Edward Ernest Sauter (December 2, 1914 – April 21, 1981) was a composer and arranger during the swing era.

Biography
Sauter studied music at Columbia University and the Juilliard School. He began as a drummer and then played trumpet professionally, including with Red Norvo's orchestra. Eventually he became a full-time arranger for Norvo. He arranged and composed for Artie Shaw, Tommy Dorsey, Woody Herman, and especially Benny Goodman, earning a reputation for intricate work such as "Benny Rides Again," "Moonlight on the Ganges," and "Clarinet a la King". A bout of tuberculosis contracted in 1942, however, forced a stay at Pomona, NY's Summit Park Sanatorium and stalled his musical career for some time. 
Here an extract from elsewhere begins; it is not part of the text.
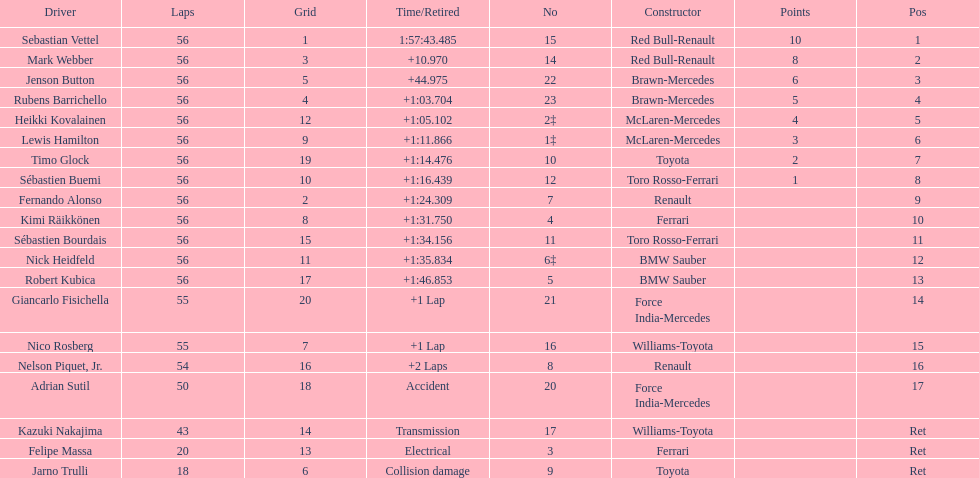What is the total number of drivers on the list? 20.

From 1952 to 1958, Sauter was co-leader of the Sauter-Finegan Orchestra. Between 1957 and 1959, he was Kurt Edelhagen's successor as leader of the SWF orchestra in Baden-Baden, Germany. In 1961, he worked with tenor saxophonist Stan Getz on Focus, a collaboration for which Sauter at Getz's commission wrote a suite of string compositions without primary melodies. This allowed Getz to improvise them in his customary style. Roy Haynes, the jazz drummer, appeared on "I'm Late, I'm Late", the only selection to use a non-string instrument other than Getz.

Sauter and Getz collaborated again during Sauter's work composing the score for the film Mickey One (1965), which starred Warren Beatty. His television composing includes the third season theme to Rod Serling's Night Gallery. In 2003 he was inducted into the Big Band and Jazz Hall of Fame.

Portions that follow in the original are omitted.